El mar de Galilea, también conocido como lago de Genesaret y lago Tiberíades, es una masa de agua dulce situada entre Israel y Siria, tiene 148 kilómetros cuadrados y una profundidad media de 20 metros. Noron sostiene que, si ocurrió hace 2.000 años algo parecido a lo que narran los tres evangelios citados, podría explicarse gracias a una peculiaridad del lago que facilita que se formen gruesas capas de hielo en zonas determinadas en épocas climáticas más frías que la actual. El oceanógrafo reconoce que, en principio, «es difícil imaginar» que una masa de agua sobre la que la atmósfera registra temperaturas superiores a 10º C durante el invierno pueda enfriarse hasta el punto de comenzar el proceso de congelación, que requiere para empezar que la temperatura del agua de todo el lago esté por debajo de los 4º C. Sin embargo, hay una particularidad que hace «único» el mar de Galilea e innecesario ese paso previo: que se enfríe toda el agua hasta los 4º C.
A lo largo de la orilla occidental del lago, desembocan bajo la superficie manantiales de agua templada y salada, que queda al fondo y hace de barrera a la convección, proceso por el que, dada su diferente densidad, en un lago normal, el agua fría baja y la caliente sube a la superficie, donde se enfría por su contacto con el aire. Por eso, para que empiece la congelación de la superficie en el mar de Galilea, sólo hace falta que se enfríe la capa superior de agua fría a esa lengua de agua caliente. Aún así, hoy en día, la probabilidad de que el enfriamiento tenga como consecuencia una placa de hielo capaz de soportar el peso de un hombre «es virtualmente cero (una vez en más de 10.000 años)».
Norf y sus colaboradores –Ian McKeague, de la Universidad de Columbia, y Nathan Paldor, de la Universidad Hebrea de Jerusalén- estiman que durante el periodo climático frío conocido como Dryass Joven, que empezó hace 12.700 años y duró 1.500, las temperaturas fueron en la región al menos 7º C inferiores a las actuales, lo que supuso que se pudieron formar gruesas placas de hielo en el mar de Galilea una vez cada 17 años. «Durante los episodios fríos de hace 1.500 y 2.500 años (cuando la temperatura atmosférica fue 3ºC o más baja que hoy), el hielo apareció una vez cada 160 años o menos», escriben en el Journal of Paleolimnology. Han encontrado un conjunto de esos afloramientos de agua salada y templada en Tabgha, zona en la que Jesús pasó parte de su vida, y proponen que el milagro bíblico pudo deberse a que Jesús caminó sobre una de esas placas de hielo, que se adentrarían en el lago hasta 30 metros como máximo, dando la apariencia desde la distancia y especialmente si llovía -dos de los evangelios hablan de tempestad- de que andaba sobre el agua.

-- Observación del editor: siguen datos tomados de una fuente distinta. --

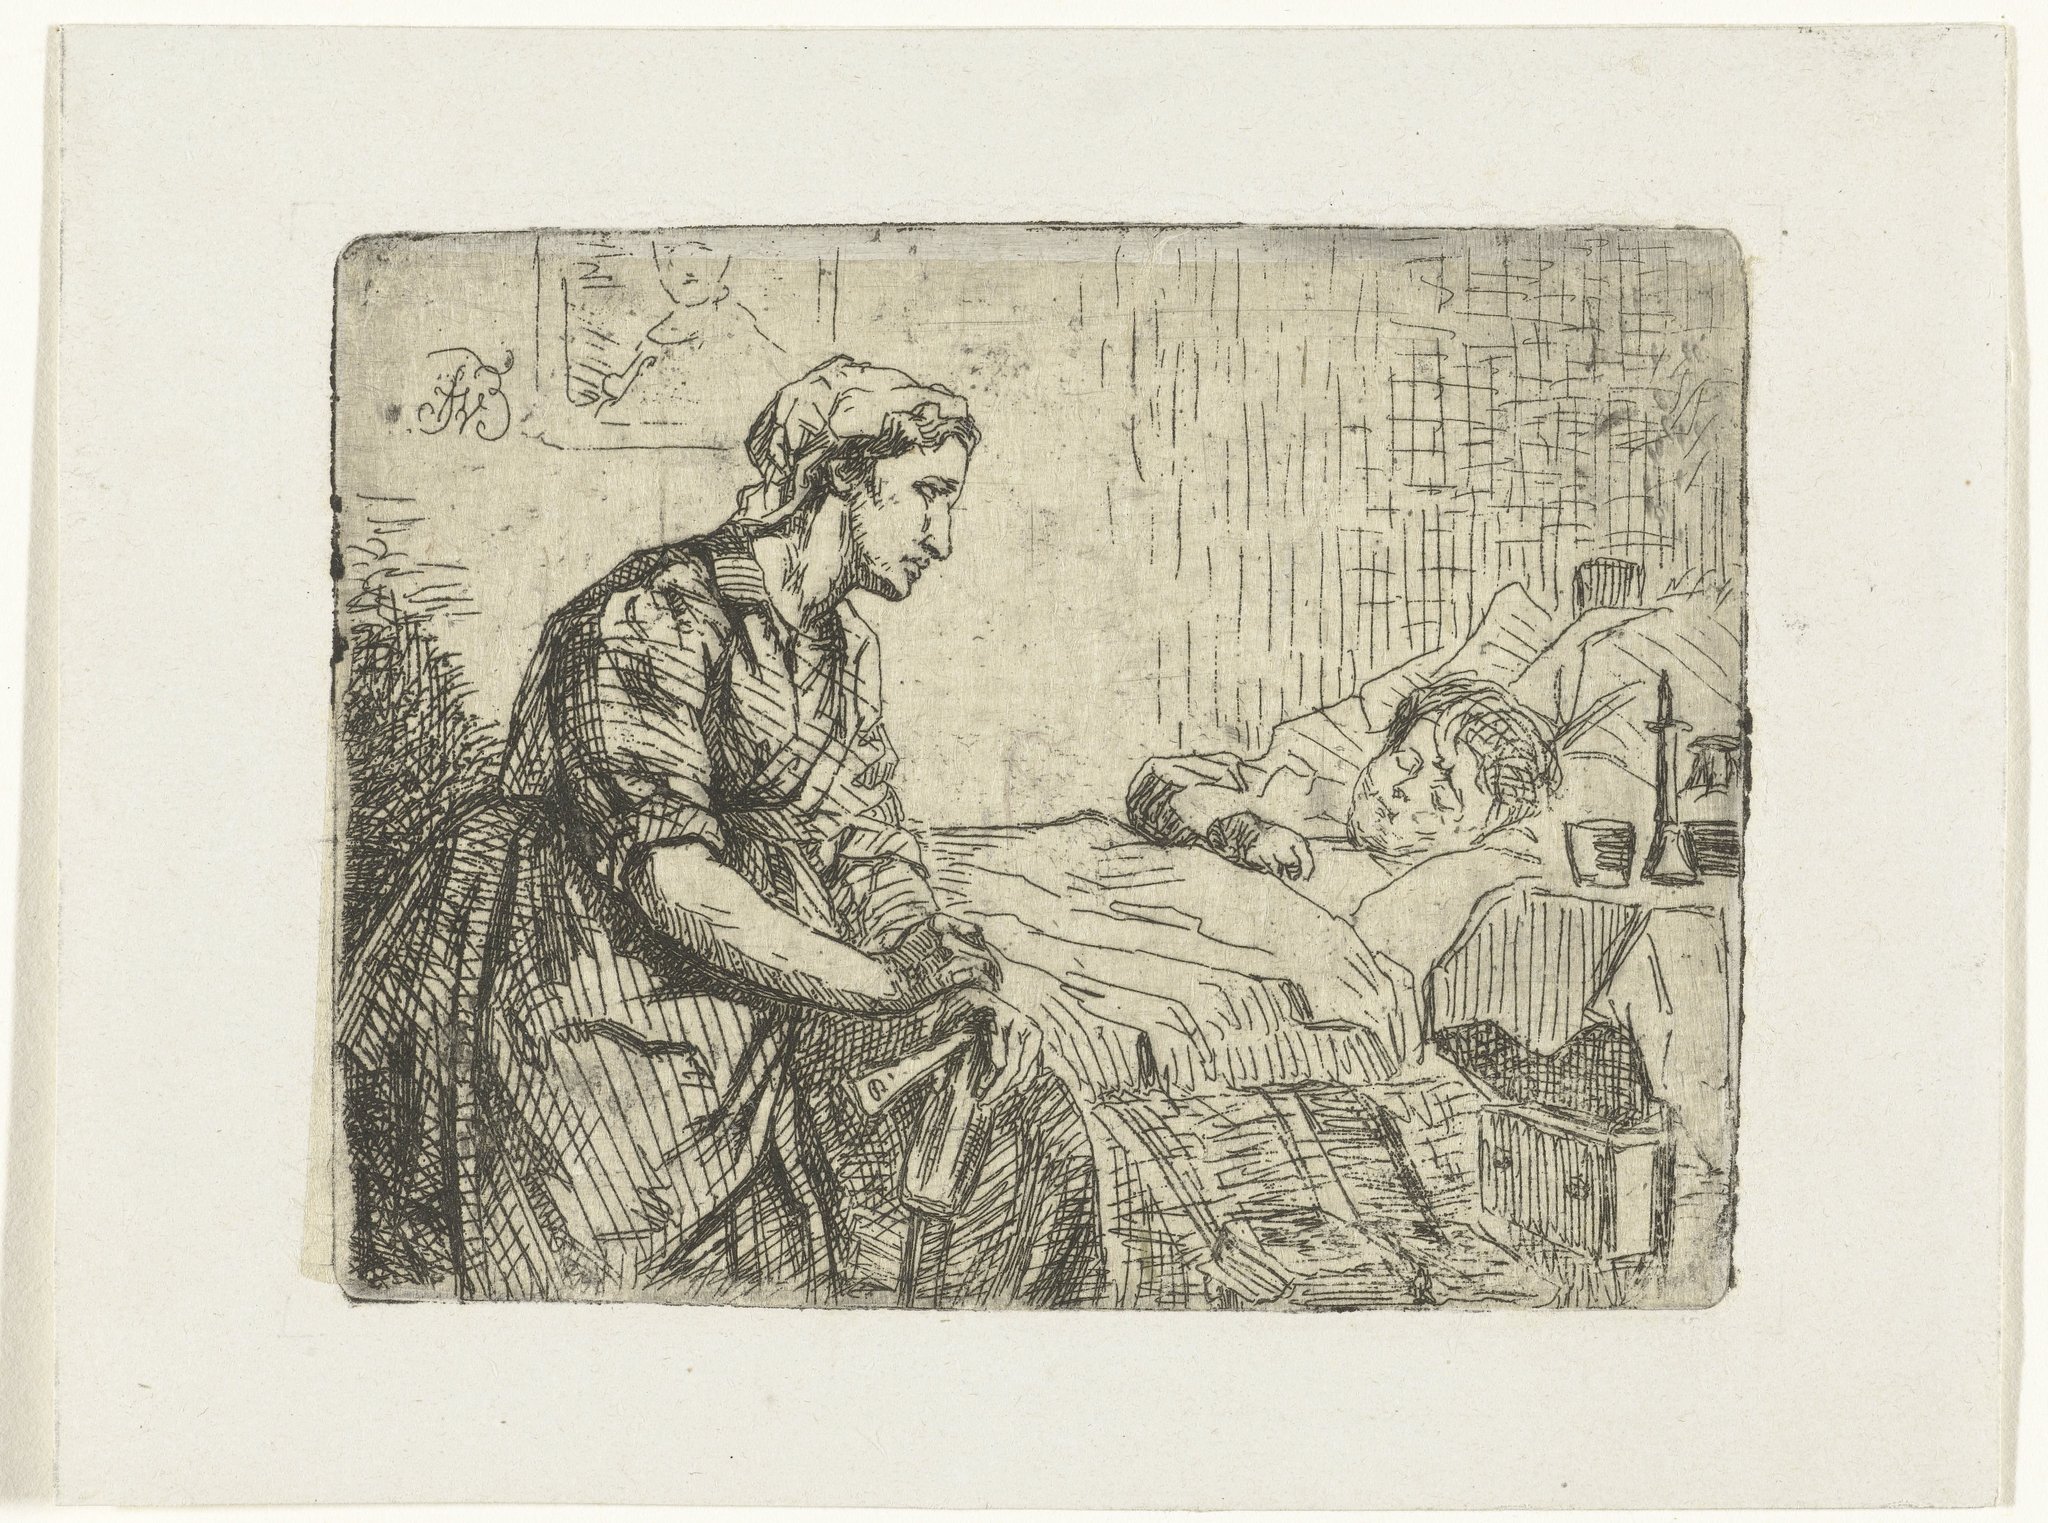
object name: print
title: Vrouw naast bed met ziek kind
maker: fridolin becker
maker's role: print maker
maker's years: 1830-1895
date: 1840-1895
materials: paper
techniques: etching
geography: netherlands
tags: sick-bed, mother and baby or young child
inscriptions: collector's mark: Lugt 2228, collector's mark: Lugt 2760

Los autores dicen que es una posible explicación; pero dejan el juicio final sobre si ocurrió así a «arqueólogos, estudiosos de la religión, antropólogos y creyentes». Para mí, el punto de partida de Norf y su equipo es erróneo, aunque la conclusión a la que llegan suponga un avance en el conocimiento del mar de Galilea. El error es presuponer que éste y otros milagros de Jesús tuvieron una base real, que fueron algo más que una creación de los redactores de los evangelios. Mientras no se demuestre lo contrario, los hechos milagrosos de la Biblia me los tomo como aportaciones de los narradores para engrandecer a los protagonistas de sus relatos, sean los profetas y patriarcas inexistentes del Antiguo Testamento, sea el Jesús del Nuevo Testamento. Por eso, no creo que haya que preocuparse de buscar una explicación científica a la multiplicación de los panes y los peces, la separación de las aguas del mar Rojo y la resurrección de Lázaro. Son leyendas.
Reportaje publicado en Magonia el 17 de abril de 2006.